The volatility of cryptocurrencies is their curse and blessing. On the upside, it enables high-profit margins, especially for short-term day traders. A liability, however, when it comes to reliable and expected payments, such as salaries or non-speculative purchases. In order to enable the efficient economic management, a currency needs to have a stable external value.
Volatility in fiat currencies too not only in crypto
Volatility is always measured in the relation between currencies. In other words, if one currency – be it crypto or fiat – behaves volatile to another. This is the only way to calculate the foreign trade value of a currency. Not only cryptocurrencies but also fiat currencies are traded against each other with a much larger volume. The foreign exchange market is the largest market in the world with around $ 5 trillion in daily turnover, while the crypto market is just $ 15 billion at the same time.

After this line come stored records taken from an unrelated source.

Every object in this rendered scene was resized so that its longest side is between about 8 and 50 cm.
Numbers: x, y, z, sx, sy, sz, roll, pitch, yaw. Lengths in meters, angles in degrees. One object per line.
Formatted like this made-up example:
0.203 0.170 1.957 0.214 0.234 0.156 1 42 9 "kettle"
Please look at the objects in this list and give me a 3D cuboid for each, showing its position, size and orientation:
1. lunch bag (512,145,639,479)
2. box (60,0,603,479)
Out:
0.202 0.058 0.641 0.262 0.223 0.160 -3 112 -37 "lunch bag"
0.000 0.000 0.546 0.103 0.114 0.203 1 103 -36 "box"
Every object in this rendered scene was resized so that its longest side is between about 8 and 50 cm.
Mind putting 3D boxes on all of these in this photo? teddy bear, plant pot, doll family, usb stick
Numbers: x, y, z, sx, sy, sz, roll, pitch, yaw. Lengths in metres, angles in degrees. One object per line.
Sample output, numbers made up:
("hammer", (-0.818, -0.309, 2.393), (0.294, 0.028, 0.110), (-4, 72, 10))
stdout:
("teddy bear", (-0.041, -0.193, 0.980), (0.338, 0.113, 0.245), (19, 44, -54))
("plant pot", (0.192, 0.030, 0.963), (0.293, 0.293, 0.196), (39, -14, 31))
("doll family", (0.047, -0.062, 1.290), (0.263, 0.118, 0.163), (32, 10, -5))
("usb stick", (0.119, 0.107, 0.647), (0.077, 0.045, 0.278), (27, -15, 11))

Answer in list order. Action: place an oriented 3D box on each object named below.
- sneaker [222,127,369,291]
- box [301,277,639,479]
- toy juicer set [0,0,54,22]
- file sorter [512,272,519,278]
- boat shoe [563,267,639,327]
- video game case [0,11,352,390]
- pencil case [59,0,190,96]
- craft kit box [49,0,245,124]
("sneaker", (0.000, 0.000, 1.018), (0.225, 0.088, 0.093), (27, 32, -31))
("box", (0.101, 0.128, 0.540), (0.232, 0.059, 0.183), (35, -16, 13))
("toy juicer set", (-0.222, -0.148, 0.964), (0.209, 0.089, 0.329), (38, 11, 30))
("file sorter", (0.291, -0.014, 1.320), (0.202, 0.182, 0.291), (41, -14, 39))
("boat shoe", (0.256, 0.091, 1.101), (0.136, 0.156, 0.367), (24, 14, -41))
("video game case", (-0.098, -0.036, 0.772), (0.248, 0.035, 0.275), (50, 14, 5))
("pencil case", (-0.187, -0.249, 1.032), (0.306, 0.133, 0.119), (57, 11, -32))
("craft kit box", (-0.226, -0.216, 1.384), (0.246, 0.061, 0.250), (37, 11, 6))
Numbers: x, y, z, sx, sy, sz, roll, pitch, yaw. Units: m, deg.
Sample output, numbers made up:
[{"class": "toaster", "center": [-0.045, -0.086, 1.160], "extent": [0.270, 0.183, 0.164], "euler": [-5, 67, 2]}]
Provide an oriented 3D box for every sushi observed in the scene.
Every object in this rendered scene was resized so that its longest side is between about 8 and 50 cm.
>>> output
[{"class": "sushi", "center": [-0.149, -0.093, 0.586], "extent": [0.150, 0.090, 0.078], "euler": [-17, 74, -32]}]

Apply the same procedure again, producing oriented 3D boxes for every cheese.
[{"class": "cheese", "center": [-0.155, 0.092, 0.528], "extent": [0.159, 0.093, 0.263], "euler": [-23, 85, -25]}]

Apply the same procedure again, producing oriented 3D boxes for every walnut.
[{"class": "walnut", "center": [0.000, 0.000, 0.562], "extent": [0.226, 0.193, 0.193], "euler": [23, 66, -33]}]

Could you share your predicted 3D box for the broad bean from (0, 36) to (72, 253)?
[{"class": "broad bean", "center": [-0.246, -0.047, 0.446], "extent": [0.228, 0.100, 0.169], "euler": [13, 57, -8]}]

Of course, the higher liquidity of the foreign exchange market makes it much less volatile than the crypto market. However, the stability of the foreign exchange market as a whole does not mean that there are not local currencies with extremely high volatility.

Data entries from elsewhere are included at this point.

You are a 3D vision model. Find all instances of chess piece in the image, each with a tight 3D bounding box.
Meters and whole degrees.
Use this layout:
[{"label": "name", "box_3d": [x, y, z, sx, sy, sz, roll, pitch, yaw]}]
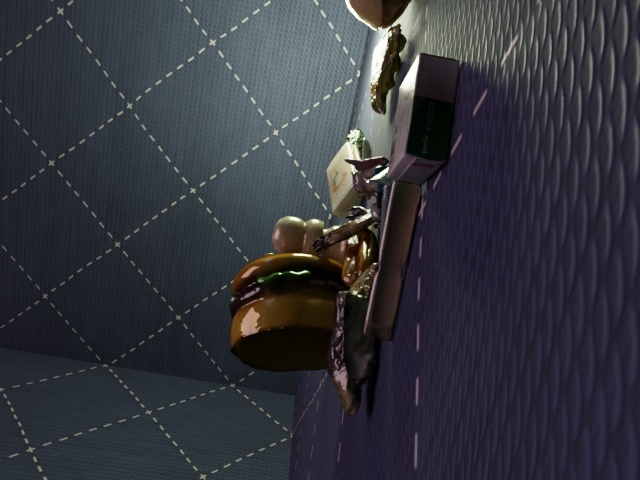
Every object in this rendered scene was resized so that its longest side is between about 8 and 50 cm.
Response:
[{"label": "chess piece", "box_3d": [0.000, 0.000, 1.471, 0.167, 0.300, 0.166, -169, 90, -85]}]

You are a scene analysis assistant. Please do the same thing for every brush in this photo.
[{"label": "brush", "box_3d": [0.145, 0.040, 0.952, 0.050, 0.060, 0.320, -6, -73, -80]}]

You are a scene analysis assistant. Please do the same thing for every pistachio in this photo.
[{"label": "pistachio", "box_3d": [0.189, -0.784, 1.477, 0.309, 0.230, 0.229, -124, 43, -70]}]

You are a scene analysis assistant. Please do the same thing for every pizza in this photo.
[{"label": "pizza", "box_3d": [0.221, -0.567, 1.513, 0.287, 0.075, 0.279, 117, 160, -72]}]

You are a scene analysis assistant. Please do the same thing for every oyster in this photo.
[{"label": "oyster", "box_3d": [0.077, 0.213, 1.092, 0.166, 0.111, 0.340, 151, 130, -85]}]

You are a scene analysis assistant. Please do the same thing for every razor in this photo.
[{"label": "razor", "box_3d": [0.145, -0.044, 1.060, 0.106, 0.068, 0.231, -36, -45, -49]}]

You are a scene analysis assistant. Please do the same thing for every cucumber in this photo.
[{"label": "cucumber", "box_3d": [0.136, -0.359, 2.101, 0.096, 0.097, 0.358, 106, 172, -63]}]

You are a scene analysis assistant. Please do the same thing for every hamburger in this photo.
[{"label": "hamburger", "box_3d": [-0.071, 0.196, 1.387, 0.395, 0.397, 0.277, 105, 165, -56]}]

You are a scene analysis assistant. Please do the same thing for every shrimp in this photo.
[{"label": "shrimp", "box_3d": [0.070, -0.041, 1.366, 0.046, 0.220, 0.152, 58, -172, -18]}]

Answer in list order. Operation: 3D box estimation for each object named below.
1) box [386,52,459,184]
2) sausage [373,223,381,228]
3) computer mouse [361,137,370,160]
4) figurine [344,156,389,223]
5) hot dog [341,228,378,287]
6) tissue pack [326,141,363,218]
[{"label": "box", "box_3d": [0.185, -0.217, 0.869, 0.135, 0.081, 0.198, 120, 158, -79]}, {"label": "sausage", "box_3d": [0.160, -0.039, 1.311, 0.100, 0.015, 0.015, -157, 77, -87]}, {"label": "computer mouse", "box_3d": [0.179, -0.346, 1.850, 0.055, 0.032, 0.110, -84, -5, -64]}, {"label": "figurine", "box_3d": [0.153, -0.142, 1.244, 0.260, 0.103, 0.205, -129, 13, -84]}, {"label": "hot dog", "box_3d": [0.112, 0.046, 1.268, 0.100, 0.068, 0.249, -36, 18, 24]}, {"label": "tissue pack", "box_3d": [0.098, -0.247, 1.882, 0.170, 0.071, 0.325, -54, 26, 31]}]
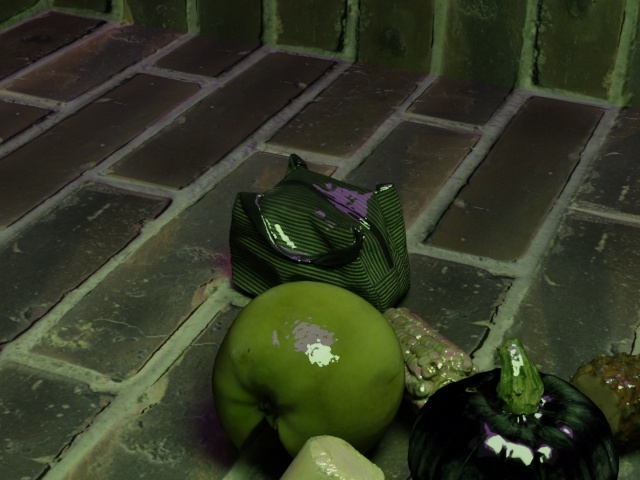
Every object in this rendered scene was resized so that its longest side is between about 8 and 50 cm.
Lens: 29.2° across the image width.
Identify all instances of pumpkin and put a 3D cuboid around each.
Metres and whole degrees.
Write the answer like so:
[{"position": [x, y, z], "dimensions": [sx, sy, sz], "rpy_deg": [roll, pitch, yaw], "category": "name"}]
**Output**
[{"position": [0.273, 0.281, 1.714], "dimensions": [0.296, 0.295, 0.296], "rpy_deg": [2, 28, -1], "category": "pumpkin"}]

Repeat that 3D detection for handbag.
[{"position": [0.000, 0.000, 2.265], "dimensions": [0.341, 0.240, 0.247], "rpy_deg": [19, 37, 26], "category": "handbag"}]

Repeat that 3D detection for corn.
[{"position": [0.162, 0.200, 1.996], "dimensions": [0.127, 0.126, 0.335], "rpy_deg": [-5, 13, -13], "category": "corn"}]

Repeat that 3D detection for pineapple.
[{"position": [0.528, 0.232, 1.988], "dimensions": [0.310, 0.141, 0.170], "rpy_deg": [-12, 5, -38], "category": "pineapple"}]

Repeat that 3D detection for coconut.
[{"position": [0.005, 0.359, 1.684], "dimensions": [0.147, 0.152, 0.147], "rpy_deg": [30, 12, -7], "category": "coconut"}]

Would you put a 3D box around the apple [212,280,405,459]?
[{"position": [-0.022, 0.209, 1.851], "dimensions": [0.292, 0.292, 0.254], "rpy_deg": [15, 23, 23], "category": "apple"}]

The same applies in reverse for the somewhat more volatile crypto market. There can be cryptocurrencies, which are relatively stable over a longer period. The most critical and wrong factor in this industry is that an individual cryptocurrency like BTC drives the whole market. While BTC has an impact over the market its price can be used as an indicator of trust, but it does not dictate the volatility of the market, merely the sentiment.